= Exercise directions =
Reproduce the following data exactly, minus any images.

Records from a data collection:

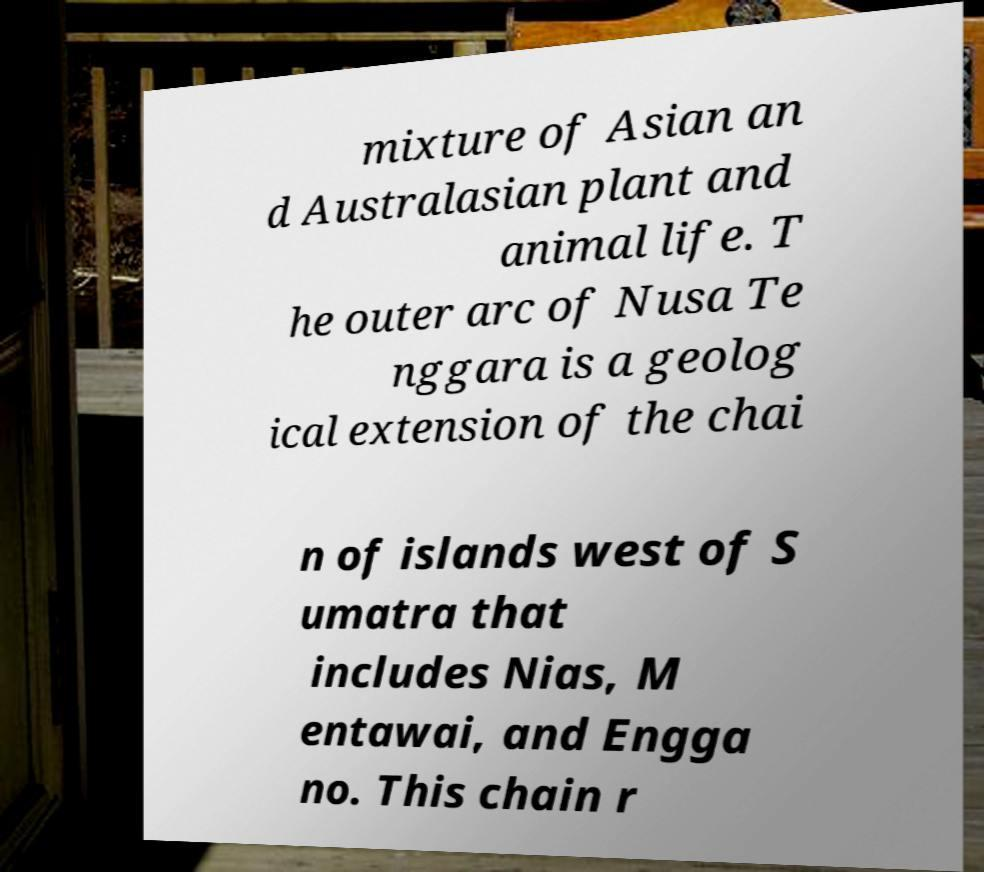For documentation purposes, I need the text within this image transcribed. Could you provide that? mixture of Asian an d Australasian plant and animal life. T he outer arc of Nusa Te nggara is a geolog ical extension of the chai n of islands west of S umatra that includes Nias, M entawai, and Engga no. This chain r 
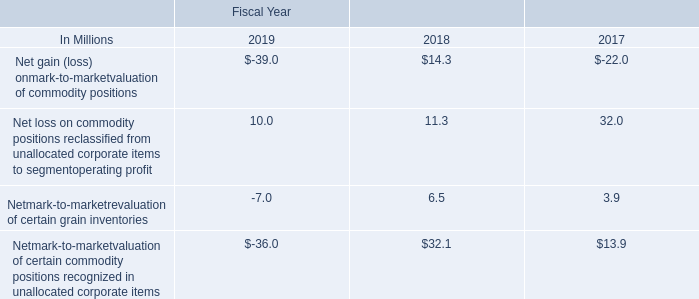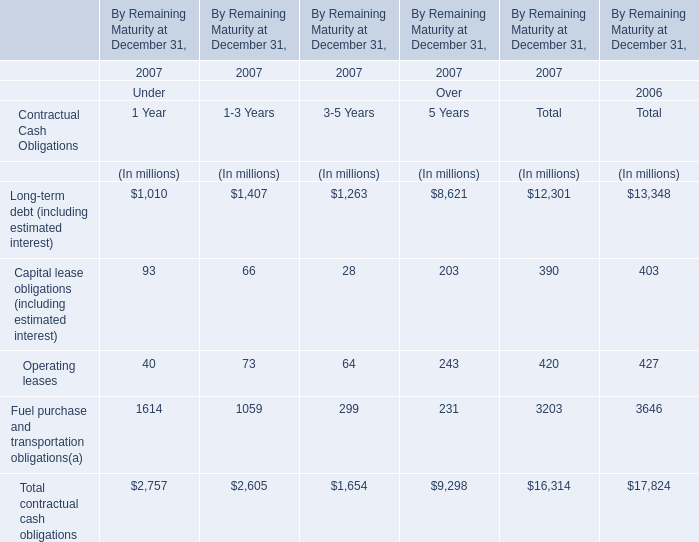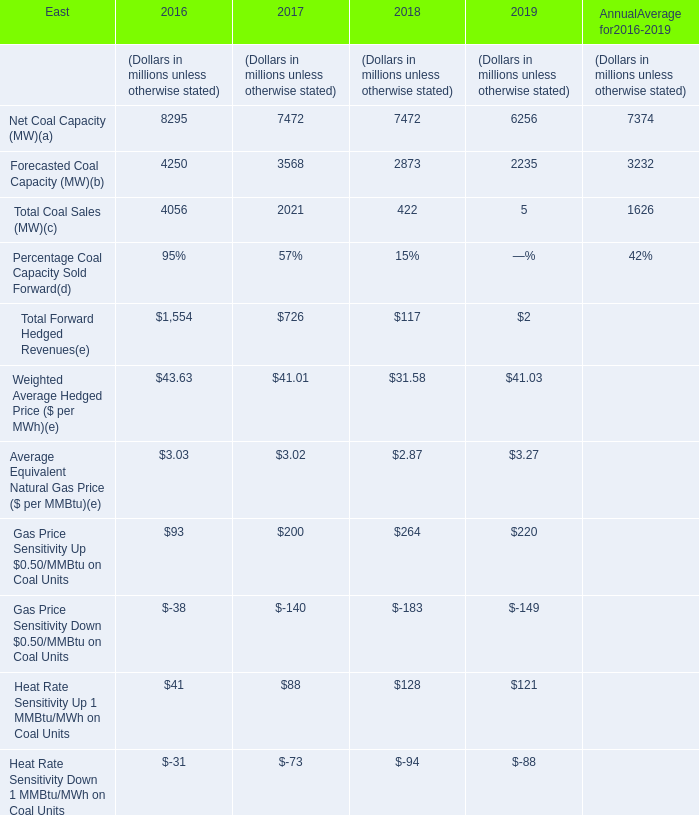What is the sum of the Total Coal Sales in the years where Forecasted Coal Capacity is greater than 3500? (in million) 
Computations: (4056 + 2021)
Answer: 6077.0. 
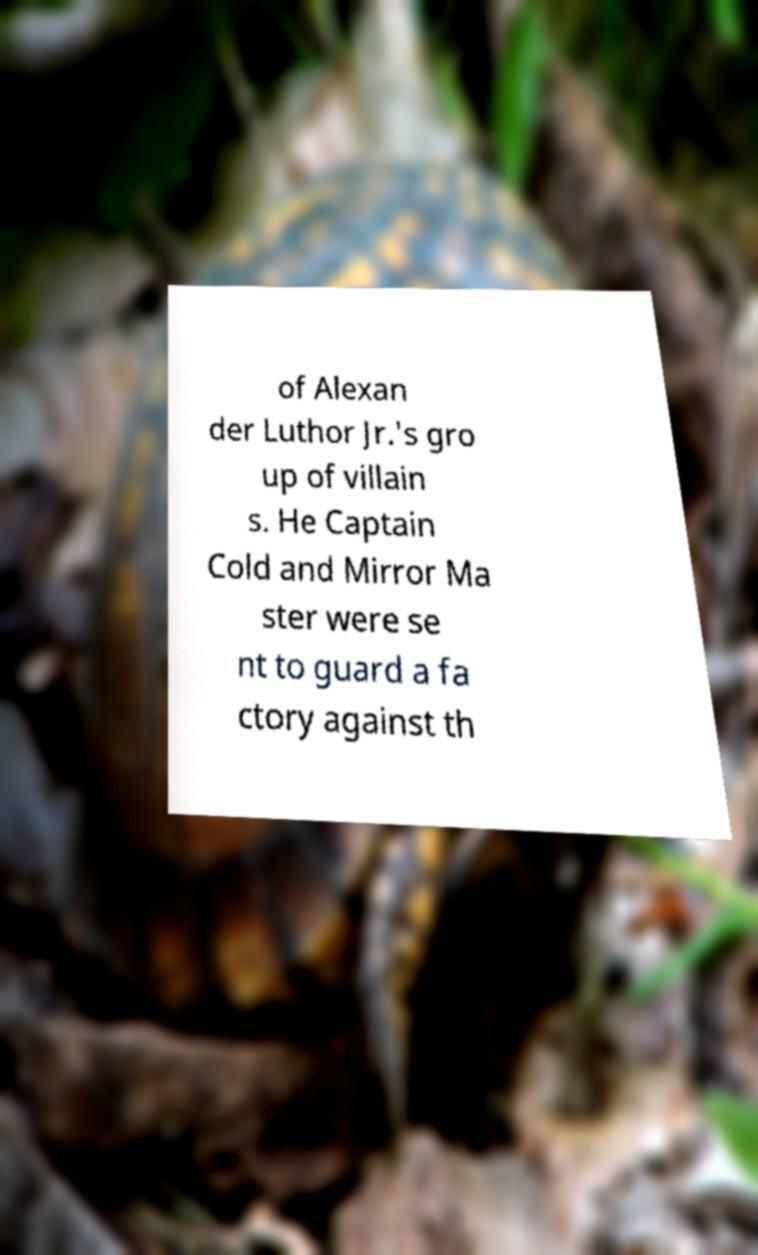Please read and relay the text visible in this image. What does it say? of Alexan der Luthor Jr.'s gro up of villain s. He Captain Cold and Mirror Ma ster were se nt to guard a fa ctory against th 
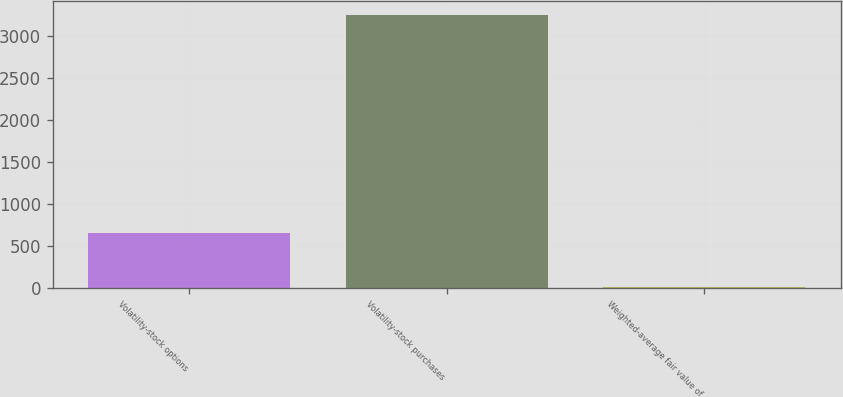Convert chart. <chart><loc_0><loc_0><loc_500><loc_500><bar_chart><fcel>Volatility-stock options<fcel>Volatility-stock purchases<fcel>Weighted-average fair value of<nl><fcel>653.24<fcel>3244<fcel>5.56<nl></chart> 
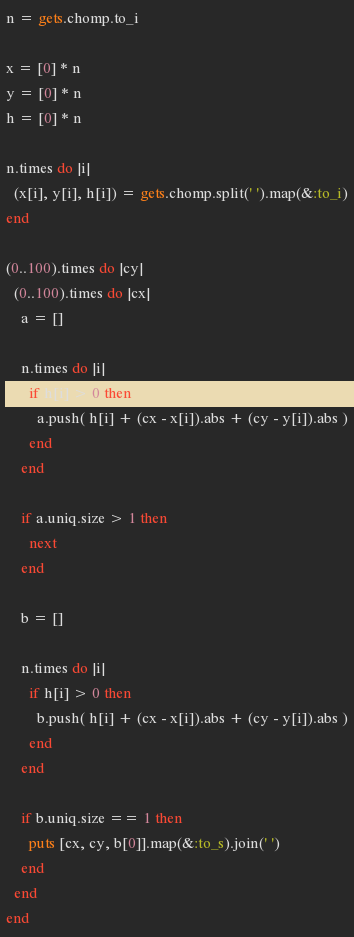<code> <loc_0><loc_0><loc_500><loc_500><_Ruby_>n = gets.chomp.to_i

x = [0] * n
y = [0] * n
h = [0] * n

n.times do |i|
  (x[i], y[i], h[i]) = gets.chomp.split(' ').map(&:to_i)
end

(0..100).times do |cy|
  (0..100).times do |cx|
    a = []
    
    n.times do |i|  
      if h[i] > 0 then
        a.push( h[i] + (cx - x[i]).abs + (cy - y[i]).abs )
      end
    end
    
    if a.uniq.size > 1 then
      next
    end
    
    b = []
    
    n.times do |i|
      if h[i] > 0 then
        b.push( h[i] + (cx - x[i]).abs + (cy - y[i]).abs )
      end
    end
    
    if b.uniq.size == 1 then
      puts [cx, cy, b[0]].map(&:to_s).join(' ')
    end
  end
end</code> 
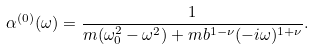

= Reply to the task =
For documentation purposes, I need the text within this image transcribed. Could you provide that? mixture of Asian an d Australasian plant and animal life. T he outer arc of Nusa Te nggara is a geolog ical extension of the chai n of islands west of S umatra that includes Nias, M entawai, and Engga no. This chain r 
What is the sum of the Total Coal Sales in the years where Forecasted Coal Capacity is greater than 3500? (in million) 
Computations: (4056 + 2021)
Answer: 6077.0. 
Please read and relay the text visible in this image. What does it say? of Alexan der Luthor Jr.'s gro up of villain s. He Captain Cold and Mirror Ma ster were se nt to guard a fa ctory against th 
Convert chart. <chart><loc_0><loc_0><loc_500><loc_500><bar_chart><fcel>Volatility-stock options<fcel>Volatility-stock purchases<fcel>Weighted-average fair value of<nl><fcel>653.24<fcel>3244<fcel>5.56<nl></chart> 
<code> <loc_0><loc_0><loc_500><loc_500><_Ruby_>n = gets.chomp.to_i

x = [0] * n
y = [0] * n
h = [0] * n

n.times do |i|
  (x[i], y[i], h[i]) = gets.chomp.split(' ').map(&:to_i)
end

(0..100).times do |cy|
  (0..100).times do |cx|
    a = []
    
    n.times do |i|  
      if h[i] > 0 then
        a.push( h[i] + (cx - x[i]).abs + (cy - y[i]).abs )
      end
    end
    
    if a.uniq.size > 1 then
      next
    end
    
    b = []
    
    n.times do |i|
      if h[i] > 0 then
        b.push( h[i] + (cx - x[i]).abs + (cy - y[i]).abs )
      end
    end
    
    if b.uniq.size == 1 then
      puts [cx, cy, b[0]].map(&:to_s).join(' ')
    end
  end
end</code> 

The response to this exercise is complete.